What you are asked to do – Copy out, exactly, the first line of the entries below and every line after it through the one containing "8. box from (230, 240) to (334, 479)".

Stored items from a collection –
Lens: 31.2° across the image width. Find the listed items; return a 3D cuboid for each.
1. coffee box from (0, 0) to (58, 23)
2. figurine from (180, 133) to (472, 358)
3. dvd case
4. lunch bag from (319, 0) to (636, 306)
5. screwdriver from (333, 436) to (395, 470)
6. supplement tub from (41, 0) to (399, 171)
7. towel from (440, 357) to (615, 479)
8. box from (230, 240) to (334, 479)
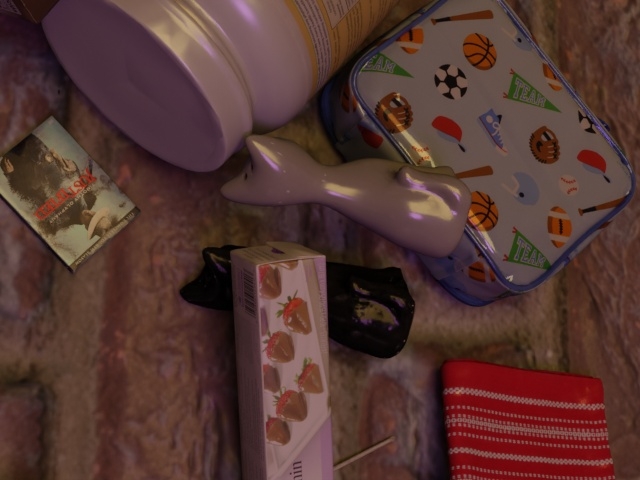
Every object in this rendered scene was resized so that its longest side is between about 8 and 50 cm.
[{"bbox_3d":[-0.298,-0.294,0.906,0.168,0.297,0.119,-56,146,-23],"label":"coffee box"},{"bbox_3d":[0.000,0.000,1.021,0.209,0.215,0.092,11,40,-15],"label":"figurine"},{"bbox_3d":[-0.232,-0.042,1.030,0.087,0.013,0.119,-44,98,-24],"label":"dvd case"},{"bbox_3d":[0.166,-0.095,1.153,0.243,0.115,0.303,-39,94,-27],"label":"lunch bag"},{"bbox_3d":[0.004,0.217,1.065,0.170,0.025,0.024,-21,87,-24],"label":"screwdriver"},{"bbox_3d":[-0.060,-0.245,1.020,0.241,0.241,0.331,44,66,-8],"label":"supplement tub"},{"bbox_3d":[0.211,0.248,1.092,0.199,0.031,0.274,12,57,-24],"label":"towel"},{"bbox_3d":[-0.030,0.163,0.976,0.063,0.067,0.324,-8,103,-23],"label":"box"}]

Answer to this task –
Lens: 31.2° across the image width. Find the listed items; return a 3D cuboid for each.
1. coffee box from (0, 0) to (58, 23)
2. figurine from (180, 133) to (472, 358)
3. dvd case
4. lunch bag from (319, 0) to (636, 306)
5. screwdriver from (333, 436) to (395, 470)
6. supplement tub from (41, 0) to (399, 171)
7. towel from (440, 357) to (615, 479)
8. box from (230, 240) to (334, 479)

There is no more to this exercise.